Many foreign policy experts agree that some form of first strike can be ethical, if not legal, when a state is threatened. However, they say there is a very real ethical difference between a preemptive strike, taken when an enemy is preparing to attack and the strike offers the last possible opportunity to protect the state, and a preventive one, meant to extinguish a threat that is not imminent. In the view of these experts, the U.S. invasion of Iraq would be considered a preventive war and is thus much harder to justify.
Speaking at a Pew Foundation symposium on Iraq in late 2002, author Michael Walzer said, “International lawyers and just war theorists have never looked with favor on this argument” for waging a preventive war against dangers that are “not only distant but speculative.” Distant dangers, said Walzer, “might be avoided by diplomacy” or others actions short of military attack.
There is no formal means of enforcement for the U.N. charter’s rules on war, so states that launch military actions are judged only in the court of international public opinion. In the end, the real power of international law may be akin to a battle for hearts and minds.
And hearts and minds are much more difficult to win, as the Bush administration has found in Iraq.
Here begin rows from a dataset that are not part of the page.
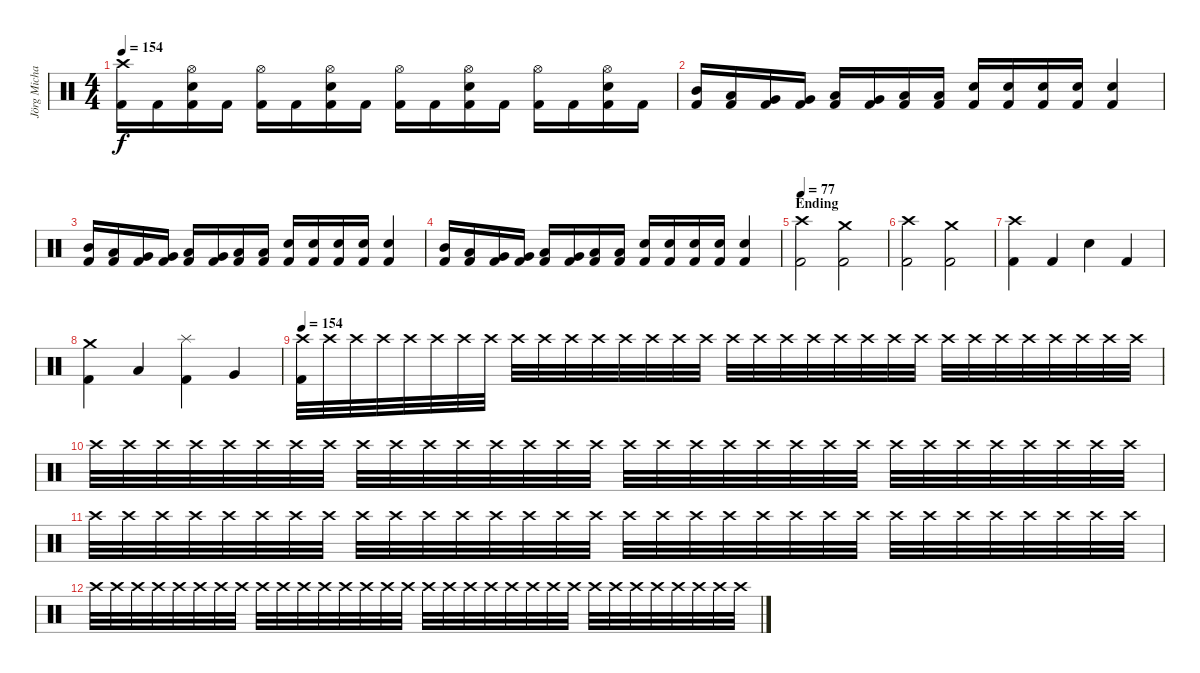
\track ("Jörg Michael - Drums" "Jörg Micha") {instrument percussion}
\staff {score}
\articulation defaults
\ts (4 4)
\tempo 154
\clef neutral
\ks c
("Crash high (hit)" "Kick (hit) 2").16{dy f} "Kick (hit) 2".16 ("Hi-Hat (open)" "Electric Snare (hit)" "Kick (hit) 2").16 "Kick (hit) 2".16 ("Hi-Hat (open)" "Kick (hit) 2").16 "Kick (hit) 2".16 ("Hi-Hat (open)" "Electric Snare (hit)" "Kick (hit) 2").16 "Kick (hit) 2".16 ("Hi-Hat (open)" "Kick (hit) 2").16 "Kick (hit) 2".16 ("Hi-Hat (open)" "Electric Snare (hit)" "Kick (hit) 2").16 "Kick (hit) 2".16 ("Hi-Hat (open)" "Kick (hit) 2").16 "Kick (hit) 2".16 ("Hi-Hat (open)" "Electric Snare (hit)" "Kick (hit) 2").16 "Kick (hit) 2".16 |
("Mid Tom (hit)" "Kick (hit) 2").16 ("Low Tom (hit)" "Kick (hit) 2").16 ("Very Low Tom (hit)" "Kick (hit) 2").16 ("Very Low Tom (hit)" "Kick (hit) 2").16 ("Low Tom (hit)" "Kick (hit) 2").16 ("Very Low Tom (hit)" "Kick (hit) 2").16 ("Low Floor Tom (hit)" "Kick (hit) 2").16 ("Low Floor Tom (hit)" "Kick (hit) 2").16 ("Electric Snare (hit)" "Kick (hit) 2").16 ("Electric Snare (hit)" "Kick (hit) 2").16 ("Electric Snare (hit)" "Kick (hit) 2").16 ("Electric Snare (hit)" "Kick (hit) 2").16 ("Electric Snare (hit)" "Kick (hit) 2").4 |
("Mid Tom (hit)" "Kick (hit) 2").16 ("Low Tom (hit)" "Kick (hit) 2").16 ("Very Low Tom (hit)" "Kick (hit) 2").16 ("Very Low Tom (hit)" "Kick (hit) 2").16 ("Low Tom (hit)" "Kick (hit) 2").16 ("Very Low Tom (hit)" "Kick (hit) 2").16 ("Low Floor Tom (hit)" "Kick (hit) 2").16 ("Low Floor Tom (hit)" "Kick (hit) 2").16 ("Electric Snare (hit)" "Kick (hit) 2").16 ("Electric Snare (hit)" "Kick (hit) 2").16 ("Electric Snare (hit)" "Kick (hit) 2").16 ("Electric Snare (hit)" "Kick (hit) 2").16 ("Electric Snare (hit)" "Kick (hit) 2").4 |
("Mid Tom (hit)" "Kick (hit) 2").16 ("Low Tom (hit)" "Kick (hit) 2").16 ("Very Low Tom (hit)" "Kick (hit) 2").16 ("Very Low Tom (hit)" "Kick (hit) 2").16 ("Low Tom (hit)" "Kick (hit) 2").16 ("Very Low Tom (hit)" "Kick (hit) 2").16 ("Low Floor Tom (hit)" "Kick (hit) 2").16 ("Low Floor Tom (hit)" "Kick (hit) 2").16 ("Electric Snare (hit)" "Kick (hit) 2").16 ("Electric Snare (hit)" "Kick (hit) 2").16 ("Electric Snare (hit)" "Kick (hit) 2").16 ("Electric Snare (hit)" "Kick (hit) 2").16 ("Electric Snare (hit)" "Kick (hit) 2").4 |
\section ("" "Ending")
\tempo 77
("Crash high (hit)" "Kick (hit) 2").2 ("Crash medium (hit)" "Kick (hit) 2").2 |
("Crash high (hit)" "Kick (hit) 2").2 ("Crash medium (hit)" "Kick (hit) 2").2 |
("Crash high (hit)" "Kick (hit) 2").4 "Kick (hit) 2".4 "Electric Snare (hit)".4 "Kick (hit) 2".4 |
("Crash medium (hit)" "Kick (hit) 2").4 "Low Tom (hit)".4 ("Splash (hit)" "Kick (hit) 2").4 "Very Low Tom (hit)".4 |
\tempo 154
("Crash high (hit)" "Kick (hit) 2").32{volume 2} "Crash high (hit)".32{volume 14} "Crash high (hit)".32 "Crash high (hit)".32 "Crash high (hit)".32 "Crash high (hit)".32 "Crash high (hit)".32 "Crash high (hit)".32 "Crash high (hit)".32 "Crash high (hit)".32 "Crash high (hit)".32 "Crash high (hit)".32 "Crash high (hit)".32 "Crash high (hit)".32 "Crash high (hit)".32 "Crash high (hit)".32 "Crash high (hit)".32 "Crash high (hit)".32 "Crash high (hit)".32 "Crash high (hit)".32 "Crash high (hit)".32 "Crash high (hit)".32 "Crash high (hit)".32 "Crash high (hit)".32 "Crash high (hit)".32 "Crash high (hit)".32 "Crash high (hit)".32 "Crash high (hit)".32 "Crash high (hit)".32 "Crash high (hit)".32 "Crash high (hit)".32 "Crash high (hit)".32 |
"Crash high (hit)".32 "Crash high (hit)".32 "Crash high (hit)".32 "Crash high (hit)".32 "Crash high (hit)".32 "Crash high (hit)".32 "Crash high (hit)".32 "Crash high (hit)".32 "Crash high (hit)".32 "Crash high (hit)".32 "Crash high (hit)".32 "Crash high (hit)".32 "Crash high (hit)".32 "Crash high (hit)".32 "Crash high (hit)".32 "Crash high (hit)".32 "Crash high (hit)".32{volume 1} "Crash high (hit)".32 "Crash high (hit)".32 "Crash high (hit)".32 "Crash high (hit)".32 "Crash high (hit)".32 "Crash high (hit)".32 "Crash high (hit)".32 "Crash high (hit)".32 "Crash high (hit)".32 "Crash high (hit)".32 "Crash high (hit)".32 "Crash high (hit)".32 "Crash high (hit)".32 "Crash high (hit)".32 "Crash high (hit)".32 |
"Crash high (hit)".32 "Crash high (hit)".32 "Crash high (hit)".32 "Crash high (hit)".32 "Crash high (hit)".32 "Crash high (hit)".32 "Crash high (hit)".32 "Crash high (hit)".32 "Crash high (hit)".32 "Crash high (hit)".32 "Crash high (hit)".32 "Crash high (hit)".32 "Crash high (hit)".32 "Crash high (hit)".32 "Crash high (hit)".32 "Crash high (hit)".32 "Crash high (hit)".32 "Crash high (hit)".32 "Crash high (hit)".32 "Crash high (hit)".32 "Crash high (hit)".32 "Crash high (hit)".32 "Crash high (hit)".32 "Crash high (hit)".32 "Crash high (hit)".32 "Crash high (hit)".32 "Crash high (hit)".32 "Crash high (hit)".32 "Crash high (hit)".32 "Crash high (hit)".32 "Crash high (hit)".32 "Crash high (hit)".32 |
"Crash high (hit)".32 "Crash high (hit)".32 "Crash high (hit)".32 "Crash high (hit)".32 "Crash high (hit)".32 "Crash high (hit)".32 "Crash high (hit)".32 "Crash high (hit)".32 "Crash high (hit)".32 "Crash high (hit)".32 "Crash high (hit)".32 "Crash high (hit)".32 "Crash high (hit)".32 "Crash high (hit)".32 "Crash high (hit)".32 "Crash high (hit)".32 "Crash high (hit)".32 "Crash high (hit)".32 "Crash high (hit)".32 "Crash high (hit)".32 "Crash high (hit)".32 "Crash high (hit)".32 "Crash high (hit)".32 "Crash high (hit)".32 "Crash high (hit)".32 "Crash high (hit)".32 "Crash high (hit)".32 "Crash high (hit)".32 "Crash high (hit)".32 "Crash high (hit)".32 "Crash high (hit)".32 "Crash high (hit)".32

U.S. public support for the Iraq war has declined to an all-time low, with a March 2007 Gallup poll reporting that 59 per cent of Americans thought the U.S. “made a mistake in sending troops to Iraq.”
The ultimate impact of this decline in public support could play out in the coming months if the Bush Administration continues to try to build a case against Iran.
“Even if we did have smoking gun evidence with respect to Iran’s involvement in Iraq, very few people are going to believe that we didn’t fabricate that evidence under the circumstances,” said Jose Alvarez, director of the center on Global Legal Problems at Columbia University. “The costs of ignoring the law usually come home to roost over decades.”
Alvarez also says the Bush Doctrine could make the U.N. Security Council more reluctant to sanction any form of force, even if the cause is just.
“I think that one of the consequences of Iraq is to make it more difficult for humanitarian intervention to occur even in a sympathetic case like Rwanda,” he says. “And it’s going to be hard to press that button for unilateral action even in more sympathetic cases.”